DATA below:

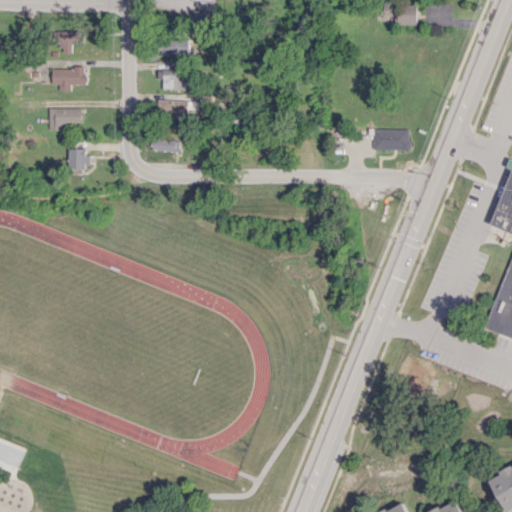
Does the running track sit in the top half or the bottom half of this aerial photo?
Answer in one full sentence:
The running track is in the bottom half of the image.
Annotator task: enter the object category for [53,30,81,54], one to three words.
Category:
house
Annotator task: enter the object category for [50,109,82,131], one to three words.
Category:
house
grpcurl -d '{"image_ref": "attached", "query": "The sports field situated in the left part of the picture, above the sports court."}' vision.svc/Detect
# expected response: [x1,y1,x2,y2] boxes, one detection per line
[0,227,254,438]
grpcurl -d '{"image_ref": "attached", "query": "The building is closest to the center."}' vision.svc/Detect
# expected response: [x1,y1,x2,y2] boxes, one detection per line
[152,138,182,153]
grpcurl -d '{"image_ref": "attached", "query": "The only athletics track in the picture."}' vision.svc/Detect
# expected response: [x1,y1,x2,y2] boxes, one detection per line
[0,210,271,480]
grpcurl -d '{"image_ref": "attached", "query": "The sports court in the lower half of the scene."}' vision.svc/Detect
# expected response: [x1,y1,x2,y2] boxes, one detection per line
[0,438,27,478]
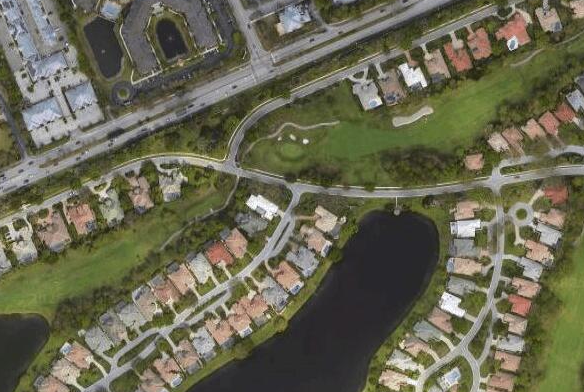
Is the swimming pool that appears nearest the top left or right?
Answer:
left
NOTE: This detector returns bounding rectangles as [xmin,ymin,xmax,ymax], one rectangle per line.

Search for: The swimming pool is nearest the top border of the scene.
[100,1,122,21]
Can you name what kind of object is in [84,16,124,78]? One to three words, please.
pond
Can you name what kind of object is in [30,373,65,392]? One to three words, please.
house
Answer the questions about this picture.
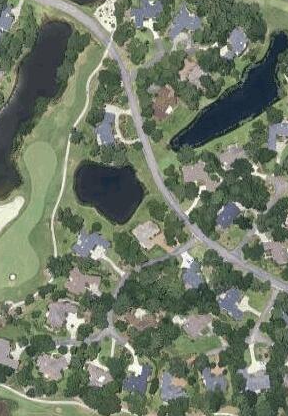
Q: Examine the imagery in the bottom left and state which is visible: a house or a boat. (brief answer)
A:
house
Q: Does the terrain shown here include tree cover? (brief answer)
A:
Yes
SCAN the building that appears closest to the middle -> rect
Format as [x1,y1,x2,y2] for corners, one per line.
[131,221,161,250]
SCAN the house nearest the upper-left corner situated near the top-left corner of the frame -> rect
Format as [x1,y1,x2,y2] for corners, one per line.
[0,8,20,43]
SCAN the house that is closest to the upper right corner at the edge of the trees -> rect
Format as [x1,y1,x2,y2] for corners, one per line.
[222,21,253,62]
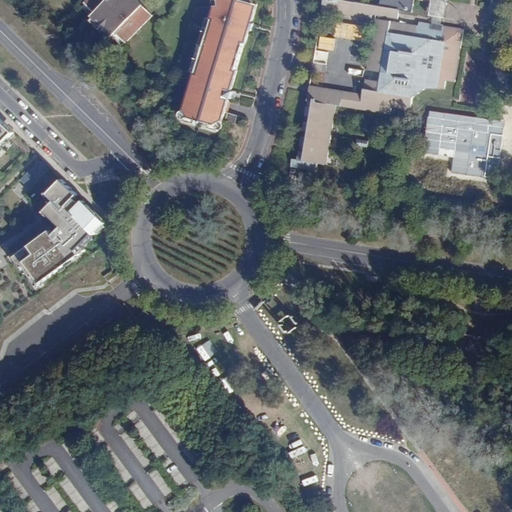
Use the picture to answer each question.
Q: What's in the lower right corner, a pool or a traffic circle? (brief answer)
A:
traffic circle
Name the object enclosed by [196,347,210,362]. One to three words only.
vehicle
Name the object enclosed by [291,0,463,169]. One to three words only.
building
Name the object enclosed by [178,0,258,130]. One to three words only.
building
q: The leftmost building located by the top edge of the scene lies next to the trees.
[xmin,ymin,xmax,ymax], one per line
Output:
[87,0,154,45]
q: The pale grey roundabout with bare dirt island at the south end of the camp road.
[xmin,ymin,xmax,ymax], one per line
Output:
[322,430,454,512]
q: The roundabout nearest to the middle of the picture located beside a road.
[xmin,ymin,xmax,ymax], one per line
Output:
[132,171,262,302]
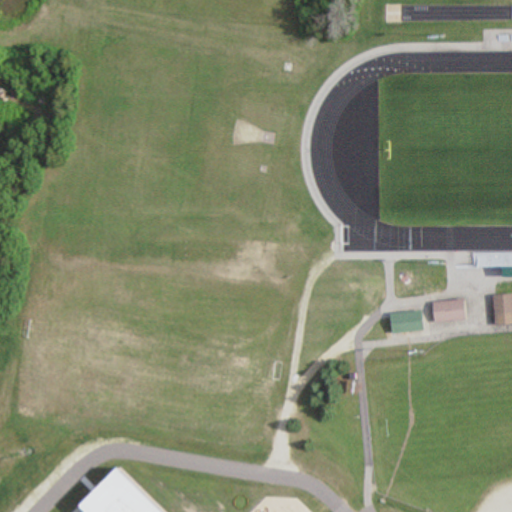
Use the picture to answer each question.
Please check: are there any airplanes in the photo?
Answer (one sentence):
No, I find no airplane anywhere in the image.
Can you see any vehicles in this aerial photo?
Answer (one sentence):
No, there appears to be no vehicle in this shot.
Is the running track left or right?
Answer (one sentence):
You can find the running track on the right side of the picture.
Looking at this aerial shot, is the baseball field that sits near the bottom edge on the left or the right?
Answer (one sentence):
The baseball field that sits near the bottom edge sits on the right side.
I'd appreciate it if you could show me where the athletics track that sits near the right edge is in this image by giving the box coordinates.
[312,50,512,251]
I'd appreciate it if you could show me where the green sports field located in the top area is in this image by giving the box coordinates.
[378,72,512,228]
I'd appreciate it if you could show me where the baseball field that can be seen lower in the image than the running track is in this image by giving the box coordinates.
[388,334,512,512]
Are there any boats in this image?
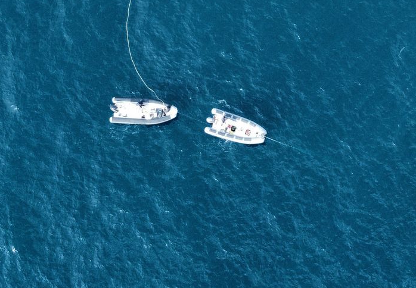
Yes
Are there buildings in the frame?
No
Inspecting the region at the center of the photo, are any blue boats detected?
No
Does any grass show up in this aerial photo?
No
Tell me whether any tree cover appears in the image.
No
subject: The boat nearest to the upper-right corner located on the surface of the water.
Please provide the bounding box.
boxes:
[207,109,267,144]
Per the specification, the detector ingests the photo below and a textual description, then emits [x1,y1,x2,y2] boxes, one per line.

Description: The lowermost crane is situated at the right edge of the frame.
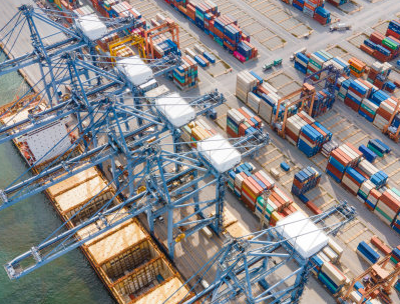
[329,253,392,304]
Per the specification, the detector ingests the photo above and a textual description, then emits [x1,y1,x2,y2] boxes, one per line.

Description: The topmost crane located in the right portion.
[291,66,334,113]
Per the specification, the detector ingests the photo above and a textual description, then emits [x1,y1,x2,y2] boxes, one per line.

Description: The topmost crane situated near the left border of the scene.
[0,0,141,107]
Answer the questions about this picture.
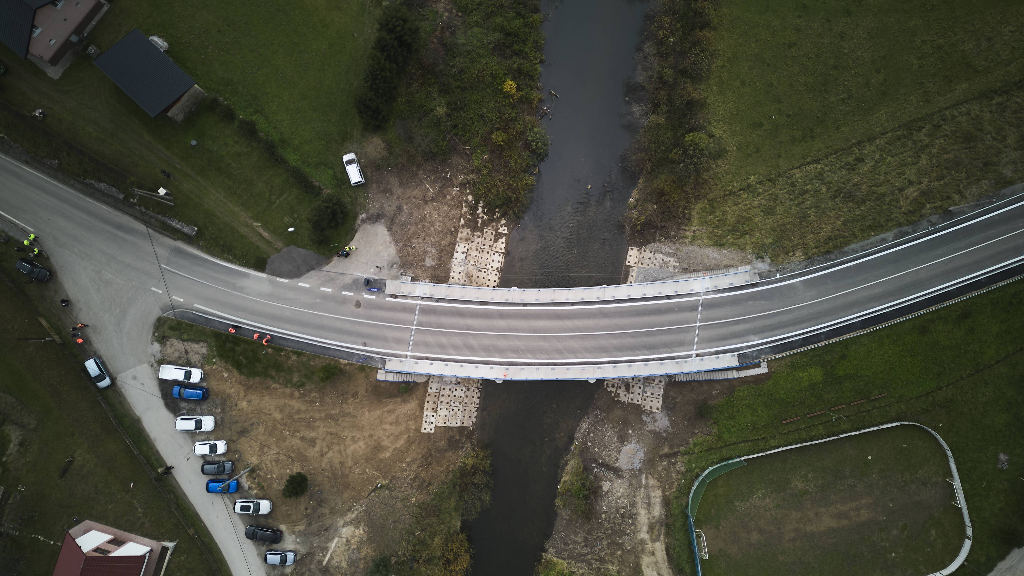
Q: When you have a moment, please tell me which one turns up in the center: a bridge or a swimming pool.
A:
bridge
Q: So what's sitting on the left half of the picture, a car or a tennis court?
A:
car
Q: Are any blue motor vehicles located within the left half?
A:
Yes
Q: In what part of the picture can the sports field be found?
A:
bottom right
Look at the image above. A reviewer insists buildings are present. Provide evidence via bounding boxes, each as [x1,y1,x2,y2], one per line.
[0,0,107,67]
[93,28,203,119]
[53,530,151,576]
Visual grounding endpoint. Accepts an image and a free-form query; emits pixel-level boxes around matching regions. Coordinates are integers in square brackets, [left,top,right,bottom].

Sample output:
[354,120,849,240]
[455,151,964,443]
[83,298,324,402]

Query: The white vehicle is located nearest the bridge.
[341,149,364,189]
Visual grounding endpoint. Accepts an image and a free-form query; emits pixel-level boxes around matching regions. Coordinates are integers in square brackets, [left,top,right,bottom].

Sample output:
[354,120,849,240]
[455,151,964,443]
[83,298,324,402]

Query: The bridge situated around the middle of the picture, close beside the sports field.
[383,269,766,384]
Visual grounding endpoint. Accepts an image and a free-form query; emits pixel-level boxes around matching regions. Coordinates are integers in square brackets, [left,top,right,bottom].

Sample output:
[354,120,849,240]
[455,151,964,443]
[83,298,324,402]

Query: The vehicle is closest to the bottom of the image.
[261,550,296,570]
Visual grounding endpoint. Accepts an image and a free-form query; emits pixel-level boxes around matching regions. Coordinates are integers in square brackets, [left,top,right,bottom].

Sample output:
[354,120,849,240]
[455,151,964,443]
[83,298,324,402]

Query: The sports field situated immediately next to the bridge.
[686,421,979,576]
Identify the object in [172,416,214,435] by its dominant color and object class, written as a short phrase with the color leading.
white car
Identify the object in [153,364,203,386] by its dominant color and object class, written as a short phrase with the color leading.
white truck
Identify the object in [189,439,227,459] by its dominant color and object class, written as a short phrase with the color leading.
white car
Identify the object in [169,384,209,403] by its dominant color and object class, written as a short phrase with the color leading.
blue car

End of DATA.

◆ PROBLEM
Your answer should be one number: how many lines of the records hold "SCAN".

◆ EXPECTED OUTPUT
3